现在我在 php db 结果中有所有数据。它是这样的:

$rows=$db->fetchAllRows($result);
$rowsNum=count($rows);

这就是我想从中创建 json 的方式:

var data='';
<?php foreach ($rows as $row){ ?>
data['name']="<?php echo $row['name'];?>";
data['desc']="<?php echo $row['desc'];?>";
data['values'] = {"from" : "/Date(<?php echo $row['from'];?>)/", "to" : "/Date(<?php echo $row['to'];?>)/", "label" : "<?php echo $row['label'];?>", "customClass" : "ganttOrange"};
}

但是,这不起作用。
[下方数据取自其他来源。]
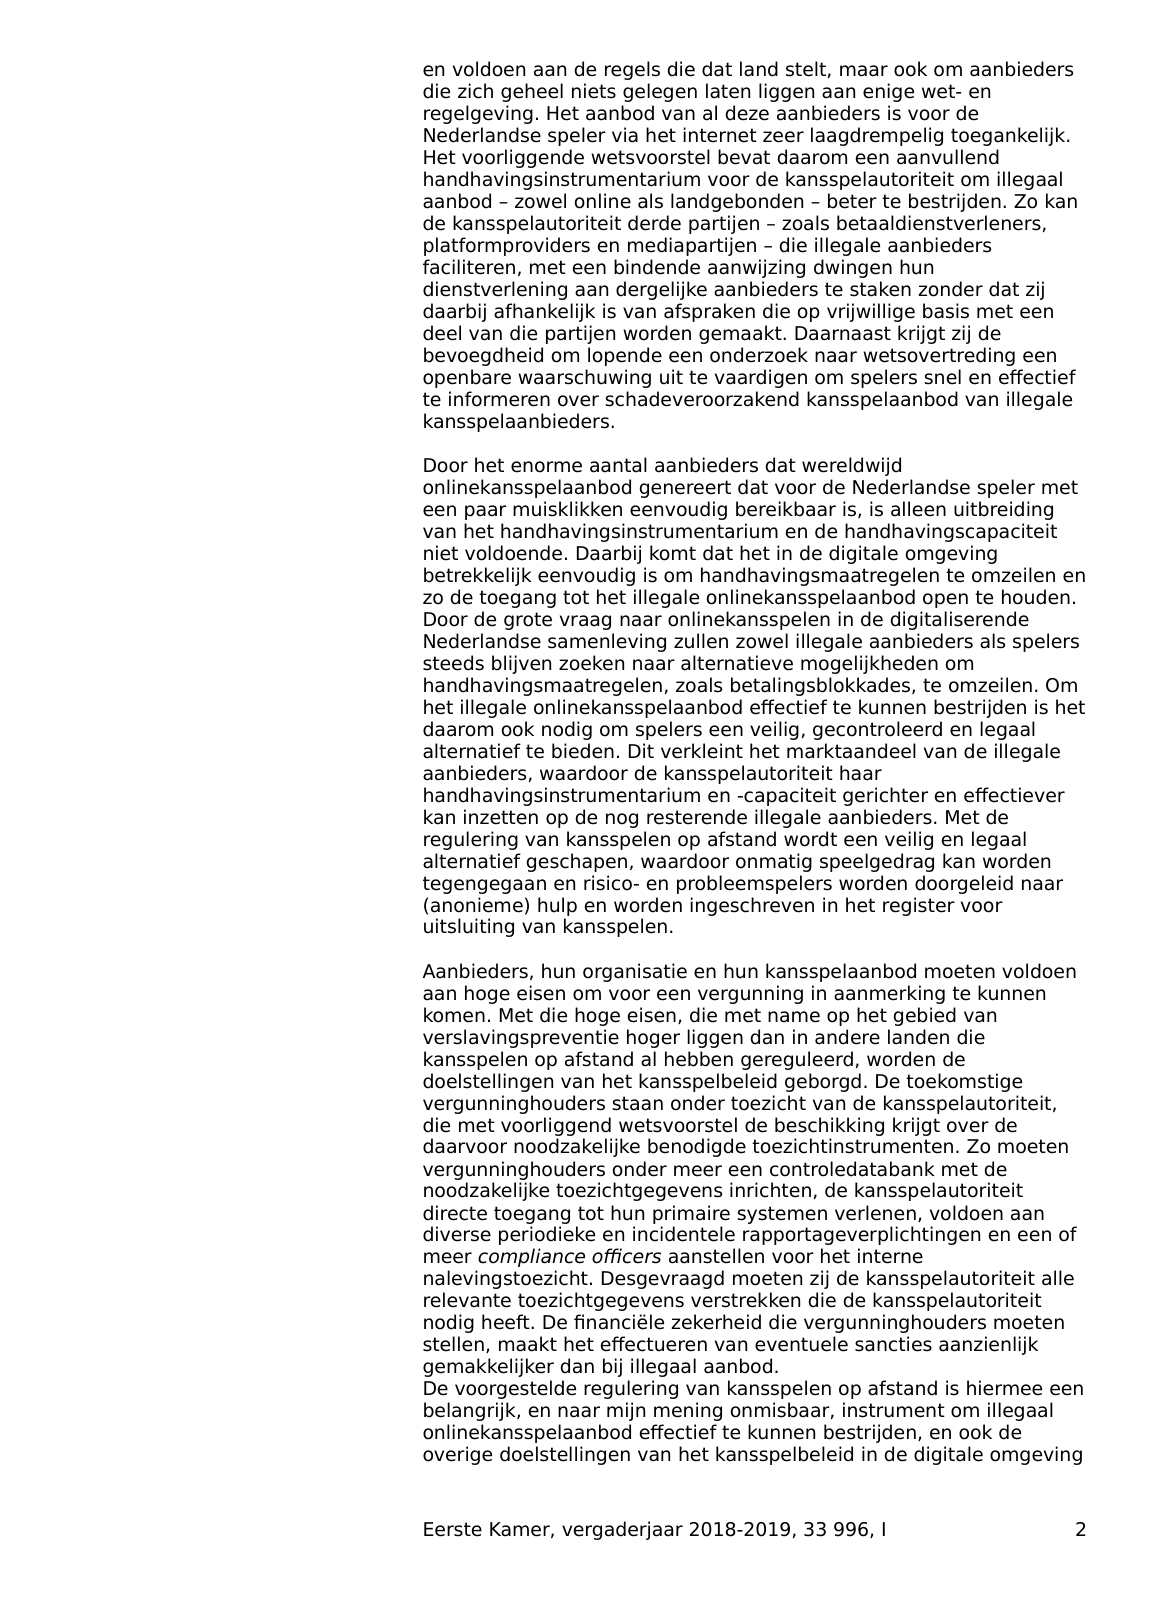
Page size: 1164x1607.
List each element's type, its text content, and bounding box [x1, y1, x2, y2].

我试过不使用循环并用纯文本替换 php 变量只是为了检查,但它也不起作用。显示不添加项目的图表。如果我通过将新项目添加到值列表中来添加新项目,它就可以工作。所以甘特图本身或路径没有问题。基于以上所有,我认为问题在于向 json 添加纯数据。谁能帮我解决它?

4

4 回答 4

4

First of all you're adding properties to string instead of building object. If you really want to do that this way:

 var data = [], row;
 <?php foreach ($rows as $row) : ?>
     row = {};
     row.name ="<?php echo $row['name'];?>";
     row.desc ="<?php echo $row['desc'];?>";
     row.values = {"from" : "/Date(<?php echo $row['from'];?>)/", "to" : "/Date(<?php echo $row['to'];?>)/", "label" : "<?php echo $row['label'];?>", "customClass" : "ganttOrange"};
     data.push(row);
 <?php endforeach; ?>

Anyway it is unsafe (and result is normal JS code, not proper JSON object - but as you're assigning it to variable then I suppose it does not have to be in strict JSON format)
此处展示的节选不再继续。